(Bloomberg) — The Biden administration’s plan to crack down on smog in the oil-rich Permian Basin threatens to curb crude production while gasoline prices are near record highs and energy scarcity grips the globe, the industry warned Thursday.
Oil’s lobbying heavyweights are appealing directly to top White House officials to slam the brakes on the plan, arguing that any move to redesignate drilling hotbeds in Texas and New Mexico as violating ozone air quality standards poses such high economic risks it should be subject to greater analysis and public scrutiny.
The Environmental Protection Agency’s proposal to cut smog raises “the potential for increased operating expenses, decreased federal leasing revenues, permitting delays and decreased oil and natural gas production in the nation’s most productive basin,” the groups said in a letter to leaders of the White House Office of Management and Budget and its regulatory affairs office. The missive was sent Thursday by the American Petroleum Institute, American Exploration and Production Council, Texas Oil and Gas Association and other groups, who have spent weeks huddling over the potential consequences of the ozone plan since it was first outlined in a public notice last month.
The move by the EPA to consider giving the Permian a so-called non-attainment designation was encouraged by conservationists who say they are alarmed by indications ground-level ozone has surged along with oil and gas development. Ozone, which is the key ingredient of smog, is formed when volatile organic compounds and other air pollution that escapes smokestacks, tailpipes and oil wells reacts with sunlight. Even at low levels, it can worsen asthma, emphysema and other respiratory illnesses.
While Texas does not have monitors taking ozone readings on its side of the Permian, those just over the border in New Mexico’s Eddy and Lea counties have recorded average ground-level ozone exceeding the 2015 federal standard of 70 parts per billion several years running.
If the region is deemed in violation, state regulators would have three years to develop plans for lowering ozone levels, including by preventing new industrial facilities from worsening air quality and ensuring existing sites deploy technology to keep pollution at bay.
“A non-attainment designation would ensure that people and communities throughout the Permian Basin no longer suffer the harmful and costly effects of smog,” grassroots environmental and public health groups said in a July 12 letter to President Joe Biden.

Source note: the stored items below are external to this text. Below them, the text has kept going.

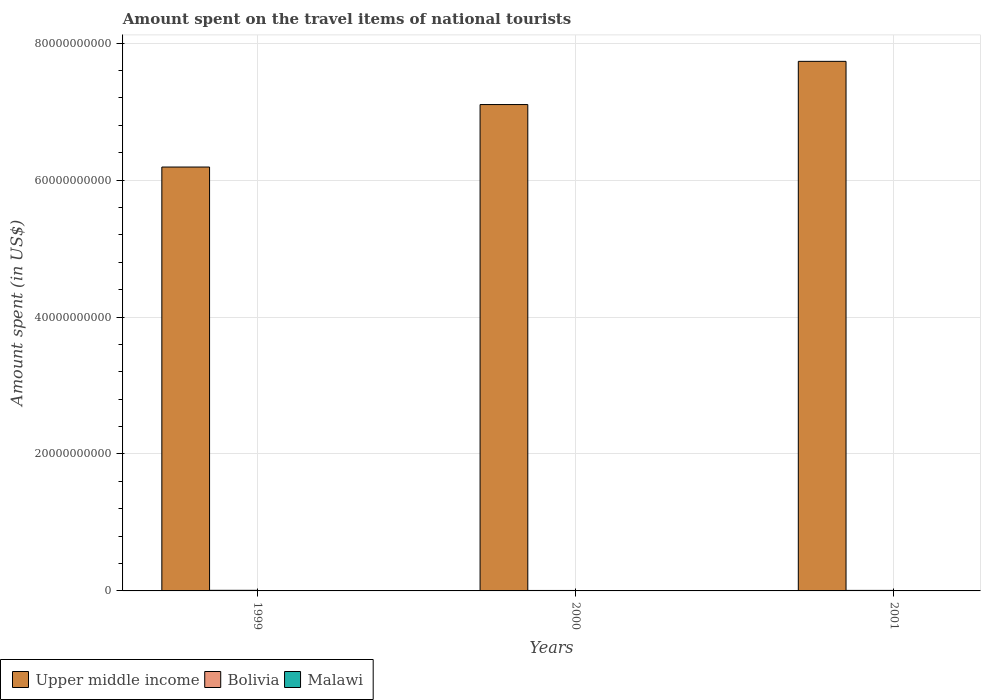How many groups of bars are there?
Offer a terse response. 3. Are the number of bars on each tick of the X-axis equal?
Your response must be concise. Yes. How many bars are there on the 1st tick from the right?
Provide a short and direct response. 3. What is the label of the 2nd group of bars from the left?
Provide a succinct answer. 2000. What is the amount spent on the travel items of national tourists in Bolivia in 1999?
Provide a succinct answer. 8.70e+07. Across all years, what is the maximum amount spent on the travel items of national tourists in Malawi?
Ensure brevity in your answer.  3.80e+07. Across all years, what is the minimum amount spent on the travel items of national tourists in Upper middle income?
Keep it short and to the point. 6.19e+1. In which year was the amount spent on the travel items of national tourists in Malawi maximum?
Offer a very short reply. 1999. In which year was the amount spent on the travel items of national tourists in Bolivia minimum?
Ensure brevity in your answer.  2000. What is the total amount spent on the travel items of national tourists in Bolivia in the graph?
Provide a succinct answer. 2.31e+08. What is the difference between the amount spent on the travel items of national tourists in Bolivia in 1999 and that in 2000?
Keep it short and to the point. 1.90e+07. What is the difference between the amount spent on the travel items of national tourists in Malawi in 2000 and the amount spent on the travel items of national tourists in Upper middle income in 2001?
Provide a short and direct response. -7.73e+1. What is the average amount spent on the travel items of national tourists in Bolivia per year?
Your answer should be very brief. 7.70e+07. In the year 2001, what is the difference between the amount spent on the travel items of national tourists in Upper middle income and amount spent on the travel items of national tourists in Bolivia?
Your response must be concise. 7.73e+1. In how many years, is the amount spent on the travel items of national tourists in Bolivia greater than 60000000000 US$?
Provide a short and direct response. 0. What is the ratio of the amount spent on the travel items of national tourists in Bolivia in 2000 to that in 2001?
Provide a succinct answer. 0.89. Is the amount spent on the travel items of national tourists in Malawi in 1999 less than that in 2000?
Make the answer very short. No. Is the difference between the amount spent on the travel items of national tourists in Upper middle income in 2000 and 2001 greater than the difference between the amount spent on the travel items of national tourists in Bolivia in 2000 and 2001?
Make the answer very short. No. What is the difference between the highest and the second highest amount spent on the travel items of national tourists in Malawi?
Keep it short and to the point. 1.30e+07. What is the difference between the highest and the lowest amount spent on the travel items of national tourists in Bolivia?
Your answer should be compact. 1.90e+07. In how many years, is the amount spent on the travel items of national tourists in Upper middle income greater than the average amount spent on the travel items of national tourists in Upper middle income taken over all years?
Make the answer very short. 2. Is the sum of the amount spent on the travel items of national tourists in Malawi in 1999 and 2000 greater than the maximum amount spent on the travel items of national tourists in Upper middle income across all years?
Your response must be concise. No. What does the 1st bar from the left in 2000 represents?
Your answer should be very brief. Upper middle income. What does the 3rd bar from the right in 1999 represents?
Your answer should be compact. Upper middle income. How many bars are there?
Your answer should be compact. 9. Are all the bars in the graph horizontal?
Offer a terse response. No. Are the values on the major ticks of Y-axis written in scientific E-notation?
Keep it short and to the point. No. Does the graph contain any zero values?
Offer a very short reply. No. Does the graph contain grids?
Give a very brief answer. Yes. What is the title of the graph?
Your answer should be compact. Amount spent on the travel items of national tourists. What is the label or title of the X-axis?
Offer a terse response. Years. What is the label or title of the Y-axis?
Make the answer very short. Amount spent (in US$). What is the Amount spent (in US$) of Upper middle income in 1999?
Your response must be concise. 6.19e+1. What is the Amount spent (in US$) in Bolivia in 1999?
Provide a succinct answer. 8.70e+07. What is the Amount spent (in US$) of Malawi in 1999?
Give a very brief answer. 3.80e+07. What is the Amount spent (in US$) in Upper middle income in 2000?
Give a very brief answer. 7.10e+1. What is the Amount spent (in US$) of Bolivia in 2000?
Give a very brief answer. 6.80e+07. What is the Amount spent (in US$) of Malawi in 2000?
Provide a short and direct response. 2.50e+07. What is the Amount spent (in US$) in Upper middle income in 2001?
Offer a very short reply. 7.74e+1. What is the Amount spent (in US$) in Bolivia in 2001?
Offer a very short reply. 7.60e+07. What is the Amount spent (in US$) in Malawi in 2001?
Your response must be concise. 2.50e+07. Across all years, what is the maximum Amount spent (in US$) in Upper middle income?
Your answer should be very brief. 7.74e+1. Across all years, what is the maximum Amount spent (in US$) of Bolivia?
Offer a very short reply. 8.70e+07. Across all years, what is the maximum Amount spent (in US$) of Malawi?
Provide a succinct answer. 3.80e+07. Across all years, what is the minimum Amount spent (in US$) in Upper middle income?
Provide a succinct answer. 6.19e+1. Across all years, what is the minimum Amount spent (in US$) of Bolivia?
Offer a very short reply. 6.80e+07. Across all years, what is the minimum Amount spent (in US$) in Malawi?
Provide a short and direct response. 2.50e+07. What is the total Amount spent (in US$) of Upper middle income in the graph?
Ensure brevity in your answer.  2.10e+11. What is the total Amount spent (in US$) of Bolivia in the graph?
Provide a short and direct response. 2.31e+08. What is the total Amount spent (in US$) of Malawi in the graph?
Your answer should be very brief. 8.80e+07. What is the difference between the Amount spent (in US$) of Upper middle income in 1999 and that in 2000?
Ensure brevity in your answer.  -9.13e+09. What is the difference between the Amount spent (in US$) in Bolivia in 1999 and that in 2000?
Provide a short and direct response. 1.90e+07. What is the difference between the Amount spent (in US$) in Malawi in 1999 and that in 2000?
Offer a very short reply. 1.30e+07. What is the difference between the Amount spent (in US$) of Upper middle income in 1999 and that in 2001?
Ensure brevity in your answer.  -1.54e+1. What is the difference between the Amount spent (in US$) in Bolivia in 1999 and that in 2001?
Give a very brief answer. 1.10e+07. What is the difference between the Amount spent (in US$) in Malawi in 1999 and that in 2001?
Ensure brevity in your answer.  1.30e+07. What is the difference between the Amount spent (in US$) in Upper middle income in 2000 and that in 2001?
Make the answer very short. -6.31e+09. What is the difference between the Amount spent (in US$) of Bolivia in 2000 and that in 2001?
Your answer should be very brief. -8.00e+06. What is the difference between the Amount spent (in US$) in Malawi in 2000 and that in 2001?
Your answer should be very brief. 0. What is the difference between the Amount spent (in US$) of Upper middle income in 1999 and the Amount spent (in US$) of Bolivia in 2000?
Make the answer very short. 6.18e+1. What is the difference between the Amount spent (in US$) in Upper middle income in 1999 and the Amount spent (in US$) in Malawi in 2000?
Offer a terse response. 6.19e+1. What is the difference between the Amount spent (in US$) of Bolivia in 1999 and the Amount spent (in US$) of Malawi in 2000?
Your response must be concise. 6.20e+07. What is the difference between the Amount spent (in US$) in Upper middle income in 1999 and the Amount spent (in US$) in Bolivia in 2001?
Offer a very short reply. 6.18e+1. What is the difference between the Amount spent (in US$) in Upper middle income in 1999 and the Amount spent (in US$) in Malawi in 2001?
Give a very brief answer. 6.19e+1. What is the difference between the Amount spent (in US$) of Bolivia in 1999 and the Amount spent (in US$) of Malawi in 2001?
Offer a very short reply. 6.20e+07. What is the difference between the Amount spent (in US$) of Upper middle income in 2000 and the Amount spent (in US$) of Bolivia in 2001?
Your answer should be very brief. 7.10e+1. What is the difference between the Amount spent (in US$) of Upper middle income in 2000 and the Amount spent (in US$) of Malawi in 2001?
Your response must be concise. 7.10e+1. What is the difference between the Amount spent (in US$) of Bolivia in 2000 and the Amount spent (in US$) of Malawi in 2001?
Provide a short and direct response. 4.30e+07. What is the average Amount spent (in US$) in Upper middle income per year?
Offer a very short reply. 7.01e+1. What is the average Amount spent (in US$) of Bolivia per year?
Your response must be concise. 7.70e+07. What is the average Amount spent (in US$) of Malawi per year?
Provide a succinct answer. 2.93e+07. In the year 1999, what is the difference between the Amount spent (in US$) in Upper middle income and Amount spent (in US$) in Bolivia?
Provide a succinct answer. 6.18e+1. In the year 1999, what is the difference between the Amount spent (in US$) of Upper middle income and Amount spent (in US$) of Malawi?
Your response must be concise. 6.19e+1. In the year 1999, what is the difference between the Amount spent (in US$) in Bolivia and Amount spent (in US$) in Malawi?
Keep it short and to the point. 4.90e+07. In the year 2000, what is the difference between the Amount spent (in US$) in Upper middle income and Amount spent (in US$) in Bolivia?
Provide a short and direct response. 7.10e+1. In the year 2000, what is the difference between the Amount spent (in US$) in Upper middle income and Amount spent (in US$) in Malawi?
Your answer should be very brief. 7.10e+1. In the year 2000, what is the difference between the Amount spent (in US$) in Bolivia and Amount spent (in US$) in Malawi?
Offer a terse response. 4.30e+07. In the year 2001, what is the difference between the Amount spent (in US$) in Upper middle income and Amount spent (in US$) in Bolivia?
Your answer should be very brief. 7.73e+1. In the year 2001, what is the difference between the Amount spent (in US$) of Upper middle income and Amount spent (in US$) of Malawi?
Offer a terse response. 7.73e+1. In the year 2001, what is the difference between the Amount spent (in US$) in Bolivia and Amount spent (in US$) in Malawi?
Keep it short and to the point. 5.10e+07. What is the ratio of the Amount spent (in US$) in Upper middle income in 1999 to that in 2000?
Give a very brief answer. 0.87. What is the ratio of the Amount spent (in US$) of Bolivia in 1999 to that in 2000?
Give a very brief answer. 1.28. What is the ratio of the Amount spent (in US$) of Malawi in 1999 to that in 2000?
Give a very brief answer. 1.52. What is the ratio of the Amount spent (in US$) in Upper middle income in 1999 to that in 2001?
Make the answer very short. 0.8. What is the ratio of the Amount spent (in US$) in Bolivia in 1999 to that in 2001?
Ensure brevity in your answer.  1.14. What is the ratio of the Amount spent (in US$) of Malawi in 1999 to that in 2001?
Offer a very short reply. 1.52. What is the ratio of the Amount spent (in US$) in Upper middle income in 2000 to that in 2001?
Offer a very short reply. 0.92. What is the ratio of the Amount spent (in US$) in Bolivia in 2000 to that in 2001?
Your answer should be compact. 0.89. What is the ratio of the Amount spent (in US$) of Malawi in 2000 to that in 2001?
Offer a very short reply. 1. What is the difference between the highest and the second highest Amount spent (in US$) of Upper middle income?
Provide a short and direct response. 6.31e+09. What is the difference between the highest and the second highest Amount spent (in US$) of Bolivia?
Keep it short and to the point. 1.10e+07. What is the difference between the highest and the second highest Amount spent (in US$) of Malawi?
Your response must be concise. 1.30e+07. What is the difference between the highest and the lowest Amount spent (in US$) of Upper middle income?
Offer a terse response. 1.54e+1. What is the difference between the highest and the lowest Amount spent (in US$) in Bolivia?
Provide a succinct answer. 1.90e+07. What is the difference between the highest and the lowest Amount spent (in US$) of Malawi?
Give a very brief answer. 1.30e+07.

The oil groups argue that the clampdown could result in existing facilities being forced to shut down and “could have the unintended consequence of slowing the approval of oil and natural gas infrastructure designed to reduce greenhouse gas emissions across the basin.” The potential economic impacts are so severe, they contend, the White House should consider the proposal a “significant regulatory action,” a designation that triggers more stringent review, and the EPA should open it up for public comment.